YOUR GOAL
Count the lines holding the string "degrees" in the records, and give only the count.

DATA PROVIDED
+++++

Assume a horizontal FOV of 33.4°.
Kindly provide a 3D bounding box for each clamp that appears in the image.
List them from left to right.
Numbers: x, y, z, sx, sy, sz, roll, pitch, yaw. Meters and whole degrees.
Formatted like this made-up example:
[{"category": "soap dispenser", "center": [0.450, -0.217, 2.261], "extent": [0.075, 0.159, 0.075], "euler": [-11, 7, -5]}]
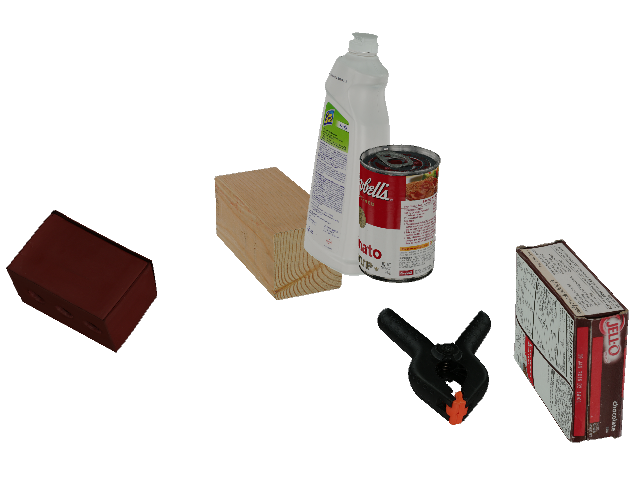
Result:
[{"category": "clamp", "center": [0.134, 0.119, 1.080], "extent": [0.120, 0.039, 0.171], "euler": [-8, 34, -9]}]

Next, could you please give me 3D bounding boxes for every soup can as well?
[{"category": "soup can", "center": [0.066, -0.023, 0.913], "extent": [0.068, 0.102, 0.068], "euler": [0, 24, 0]}]

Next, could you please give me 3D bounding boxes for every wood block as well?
[{"category": "wood block", "center": [-0.056, -0.013, 1.340], "extent": [0.090, 0.090, 0.206], "euler": [-10, 26, -23]}]

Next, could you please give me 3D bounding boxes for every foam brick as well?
[{"category": "foam brick", "center": [-0.154, 0.027, 0.698], "extent": [0.078, 0.051, 0.053], "euler": [26, -27, 13]}]

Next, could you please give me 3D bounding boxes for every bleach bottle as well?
[{"category": "bleach bottle", "center": [0.038, -0.096, 1.157], "extent": [0.067, 0.251, 0.103], "euler": [-8, 25, -35]}]

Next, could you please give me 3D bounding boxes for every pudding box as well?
[{"category": "pudding box", "center": [0.160, 0.062, 0.691], "extent": [0.039, 0.090, 0.113], "euler": [-7, 24, -9]}]
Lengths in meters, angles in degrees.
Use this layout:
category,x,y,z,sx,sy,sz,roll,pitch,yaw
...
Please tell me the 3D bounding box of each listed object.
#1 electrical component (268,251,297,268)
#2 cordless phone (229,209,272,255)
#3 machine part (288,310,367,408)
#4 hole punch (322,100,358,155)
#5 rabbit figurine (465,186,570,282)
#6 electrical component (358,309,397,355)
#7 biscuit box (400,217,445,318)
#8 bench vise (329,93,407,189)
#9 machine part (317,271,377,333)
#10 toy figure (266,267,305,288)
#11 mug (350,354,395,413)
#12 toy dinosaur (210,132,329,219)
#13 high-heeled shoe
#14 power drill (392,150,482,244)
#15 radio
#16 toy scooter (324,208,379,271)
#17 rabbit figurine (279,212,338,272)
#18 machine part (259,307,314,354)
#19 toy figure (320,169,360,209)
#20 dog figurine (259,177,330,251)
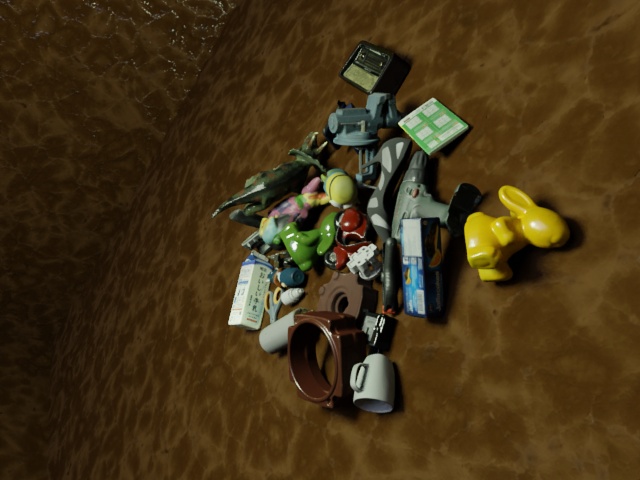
category,x,y,z,sx,sy,sz,roll,pitch,yaw
electrical component,-0.100,0.054,1.546,0.078,0.102,0.045,-11,93,32
cordless phone,-0.218,-0.032,1.678,0.146,0.184,0.089,-33,50,38
machine part,0.011,0.266,1.218,0.202,0.087,0.201,-2,90,51
hole punch,0.084,-0.308,1.494,0.092,0.142,0.115,25,84,35
rabbit figurine,0.360,-0.012,0.976,0.173,0.121,0.162,-16,47,32
electrical component,0.117,0.219,1.195,0.075,0.047,0.119,11,78,56
biscuit box,0.209,0.054,1.095,0.059,0.063,0.202,-1,93,52
bench vise,0.126,-0.253,1.386,0.129,0.223,0.240,24,121,51
machine part,0.060,0.159,1.300,0.179,0.056,0.179,-29,50,41
toy figure,-0.102,0.109,1.547,0.155,0.064,0.057,-8,102,57
mug,0.108,0.290,1.119,0.081,0.109,0.107,-35,31,45
toy dinosaur,-0.124,-0.170,1.566,0.405,0.131,0.192,-39,3,-30
high-heeled shoe,0.183,-0.116,1.282,0.145,0.086,0.248,-21,78,25
power drill,0.247,-0.092,1.179,0.207,0.086,0.232,15,84,52
radio,0.153,-0.486,1.548,0.131,0.073,0.230,-56,36,14
toy scooter,0.092,-0.003,1.335,0.135,0.075,0.184,-3,54,30
rabbit figurine,-0.003,-0.004,1.437,0.170,0.121,0.159,-36,45,14
machine part,-0.087,0.242,1.419,0.243,0.079,0.079,-35,44,42
toy figure,0.049,-0.143,1.420,0.082,0.089,0.180,-18,28,2
dog figurine,-0.059,-0.082,1.545,0.219,0.108,0.191,-36,18,28
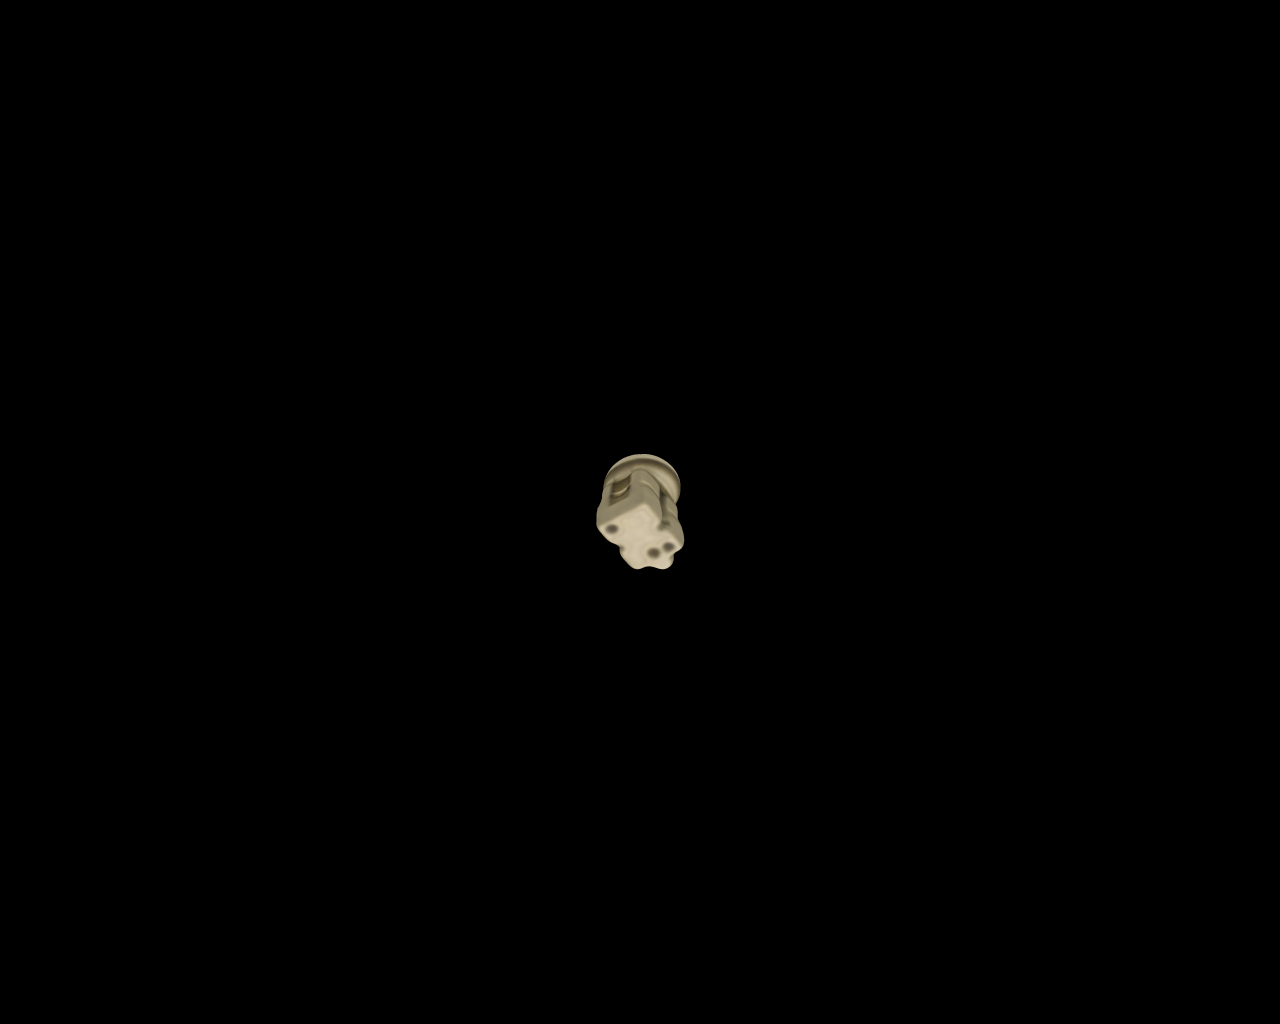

+++++

ANSWER TO THIS TASK
2